This is a draft PR opening the design proposed in #73019 for review. Adds support for xAI's Voice Agent API (grok-voice-think-fast-1.0) as a /voiceclaw/realtime provider — the same surface that ships gemini-live.ts today. xAI's Realtime API is documented as OpenAI-Realtime-protocol-compatible (xAI docs); this PR ships the xAI specialization first.

Surface scope

This PR targets /voiceclaw/realtime (gateway endpoint, VoiceClawRealtimeAdapter interface) — the surface for external WebSocket clients. It does not target the separate talk-realtime-relay.ts / src/realtime-voice/ provider-plugin surface used by OpenClaw's browser Talk UI, macOS Talk app, voice-call telephony, and Google Meet integration. Those use a different interface (RealtimeVoiceProviderPlugin) and are wired via api.registerRealtimeVoiceProvider(...) in extension index.ts files (e.g., extensions/openai/realtime-voice-provider.ts).

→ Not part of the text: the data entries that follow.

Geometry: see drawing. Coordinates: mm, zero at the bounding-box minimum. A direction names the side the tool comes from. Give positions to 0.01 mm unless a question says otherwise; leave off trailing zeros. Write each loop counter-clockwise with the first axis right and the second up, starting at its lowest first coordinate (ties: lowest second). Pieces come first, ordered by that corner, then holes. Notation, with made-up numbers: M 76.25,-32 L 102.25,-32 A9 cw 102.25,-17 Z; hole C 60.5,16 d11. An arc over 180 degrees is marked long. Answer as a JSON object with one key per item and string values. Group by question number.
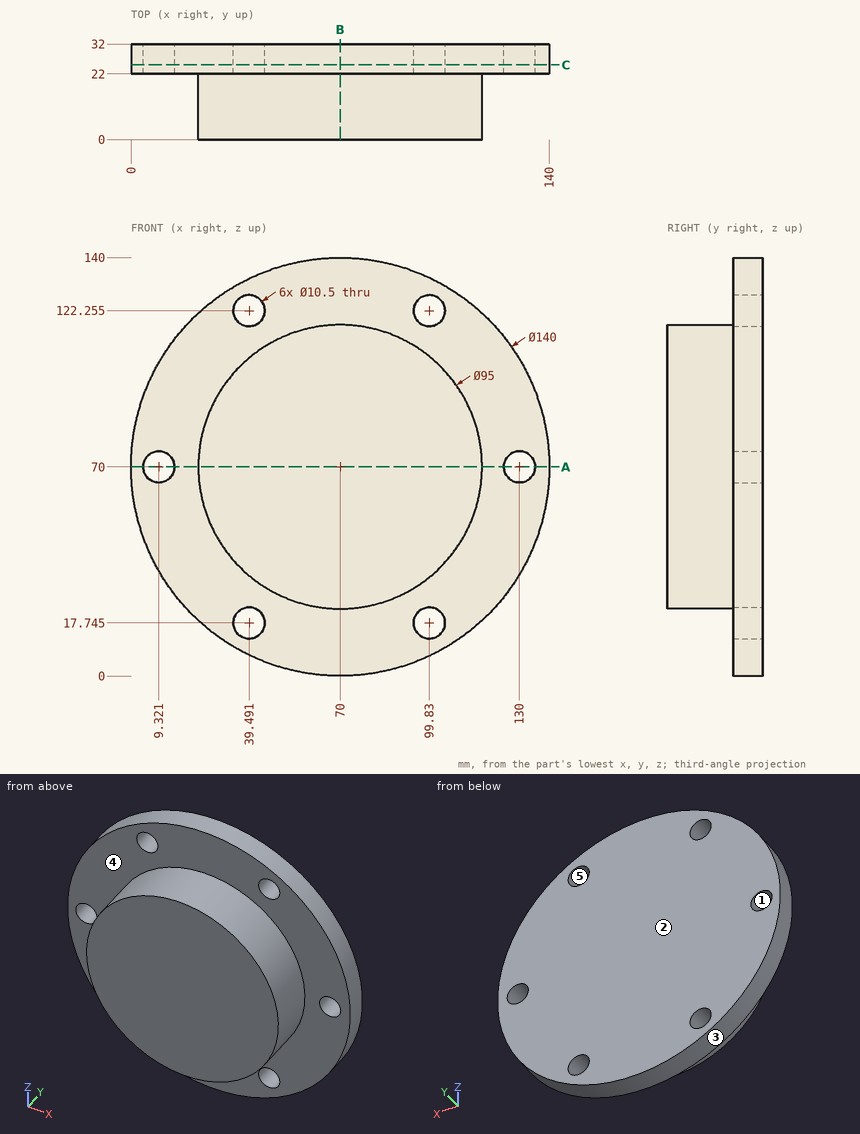
(1) Contact query for flat-ended pins moving along their axis: pin 1 Ø4 at (y, z) = (7, 54) entering from +X; pin 2 Ø10 at (y, z) = (26, 104) entering from -X; pin 3 Ø3 at (y, z) = (22, 87.5) entering from -X. Output: stop coordinate, or through.
(2) Section C-C, the plane y = 25. State how many separate pieces and enclosed holes the cut face has, plus the area to 3 significant figures.
(3) Access query for the marked faces 4 and 5. Directions: +Z, -Z, +X, -X, +Y, -Y. A direction counts if a zero-diameter tool reaches every point of the face in a straight line with its end or side. Return the directions, or none.
(4) Pull-direction query (X, two-part tool) for the marked faces 1, 2 and 3; classes: pulls with the +X half, pulls with the -X half, needs draft (parallel to the pull), parting line crosses it, or undercut.
(5) Section A-A, the plane z = 70. Return loops of the section in (x, y).
(6) Ray query, L1, parallel to X at y = 29, z = 70; L2, parallel to Z at x = 38.5, y = 30.5; L3, parallel to Y at x = 113.5, z = 109. Return the intervals inside material, ascending. Write a range as [from, to].
(7) Section B-B, the plane x = 70. Return loops of the section in (y, z), plus the area to 3 significant figures.
Reported:
{
 "1": {"pin 1": "stops at x = 115.39", "pin 2": "stops at x = 6.29", "pin 3": "stops at x = 1.85"},
 "2": {"separate pieces": "1", "enclosed holes": "6", "area": "14,900 mm2"},
 "3": {"face 4": "-Y", "face 5": "+Y, -Y"},
 "4": {"face 1": "undercut", "face 2": "needs draft", "face 3": "parting line crosses it"},
 "5": {"outline": "M 0,22 L 4.07,22 L 4.07,32 L 0,32 Z; M 14.57,22 L 22.5,22 L 22.5,0 L 117.5,0 L 117.5,22 L 124.75,22 L 124.75,32 L 14.57,32 Z; M 135.25,22 L 140,22 L 140,32 L 135.25,32 Z"},
 "6": {"L1": "x = [0, 4.07], [14.57, 124.75], [135.25, 140]", "L2": "z = [7.49, 12.59], [22.9, 117.1], [127.41, 132.51]", "L3": "y = [22, 32]"},
 "7": {"outline": "M 0,22.5 L 22,22.5 L 22,0 L 32,0 L 32,140 L 22,140 L 22,117.5 L 0,117.5 Z", "area": "3,490 mm2"}
}

Related but not addressed by this PR:

  • #71195 — adds OpenAI Realtime to native macOS Talk via the provider-plugin surface.
  • #12911 — adds Grok voice to /chat web Talk via the provider-plugin surface (would benefit from a parallel extensions/xai/realtime-voice-provider.ts follow-up; happy to scope that separately if maintainers want it).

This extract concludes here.